The proposal would require producing 10‑year pro forma forecasts, setting formal reserve targets for the general fund and major enterprise funds (electric, water, wastewater, solid waste and airport), creating depreciation‑based reinvestment strategies for capital assets, and documenting revenue‑to‑expense linkages. "What we're looking to do is to start an initiative that would establish a comprehensive financial policy," Hamilton said, describing phases that include technical development, draft adoption and ongoing monitoring.

Why it matters: staff said the work is intended to protect bond ratings, improve predictability for residents and businesses, and reduce the chance of sudden large rate spikes by enabling steady, incremental adjustments tied to a long‑range forecast.

Key details: Hamilton referenced GFOA, AWWA and APPA best practices and noted GFOA recommends forecasts beyond five years for governments that issue debt or set utility rates. He said the city currently produces five‑year forecasts and would expand to 10 years so structural imbalances can be identified earlier. Hamilton also cited industry guidance suggesting a general fund unrestricted balance at or above 20 percent of annual expenditures, and noted rating‑agency thresholds are often nearer 15 percent.
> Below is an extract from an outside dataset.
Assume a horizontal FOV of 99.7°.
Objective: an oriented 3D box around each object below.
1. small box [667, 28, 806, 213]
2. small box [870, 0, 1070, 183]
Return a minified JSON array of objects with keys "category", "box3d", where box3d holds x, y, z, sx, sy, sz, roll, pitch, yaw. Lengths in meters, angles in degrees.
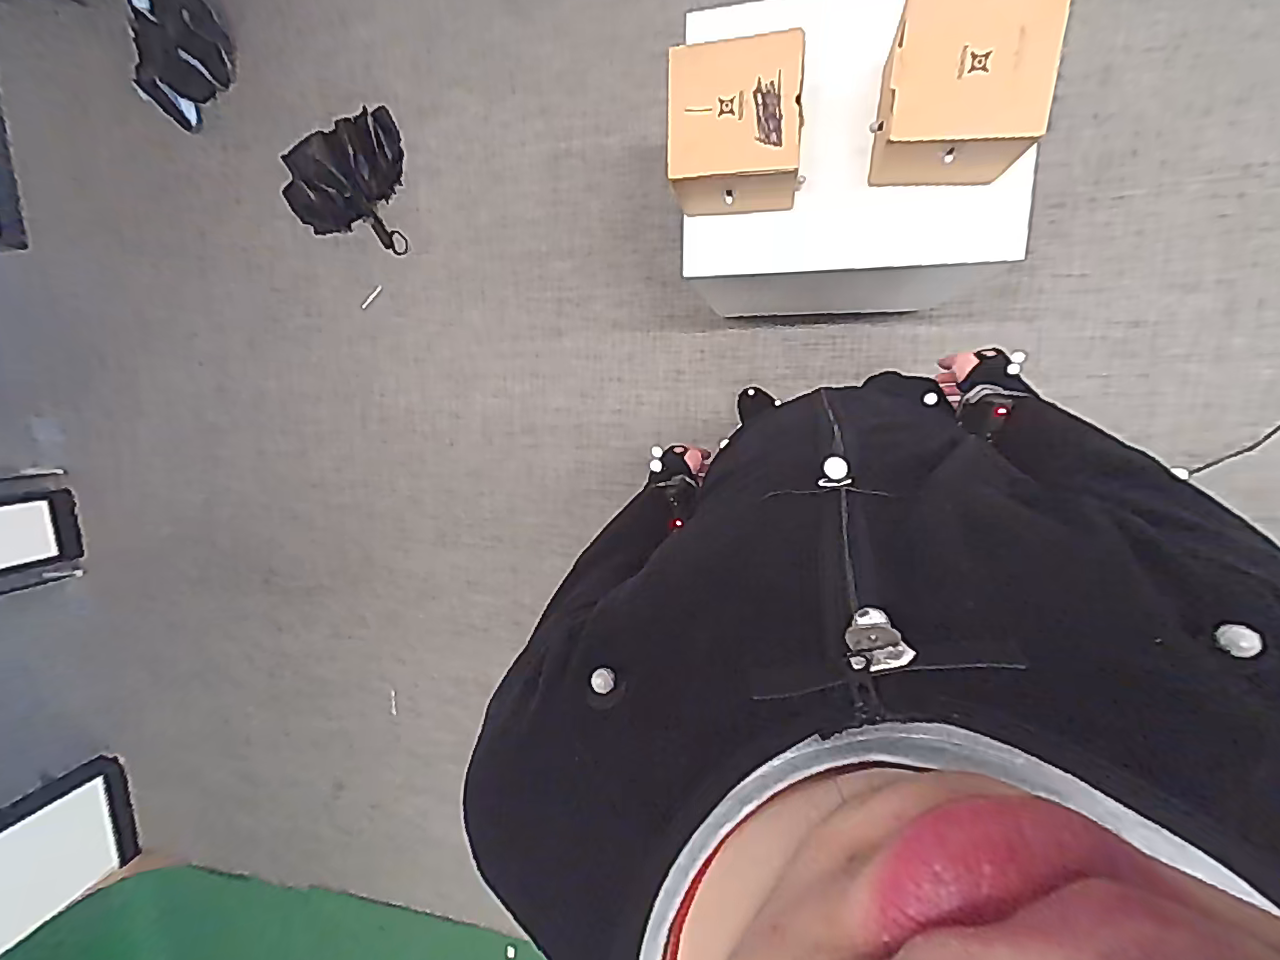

Council response: Council members expressed support for predictable, gradual rate adjustments and for documenting current practices in a consolidated policy. One councilor representing District 1 urged caution about a 10‑year horizon, arguing turnover in administrations can make longer forecasts less reliable. Multiple members asked staff to return with a red‑line showing what in the proposed policy is new versus what the city already does.

Next steps: Council directed staff to proceed with the four‑phase approach outlined by Hamilton and to bring draft policy language and targets to future meetings for review and adoption.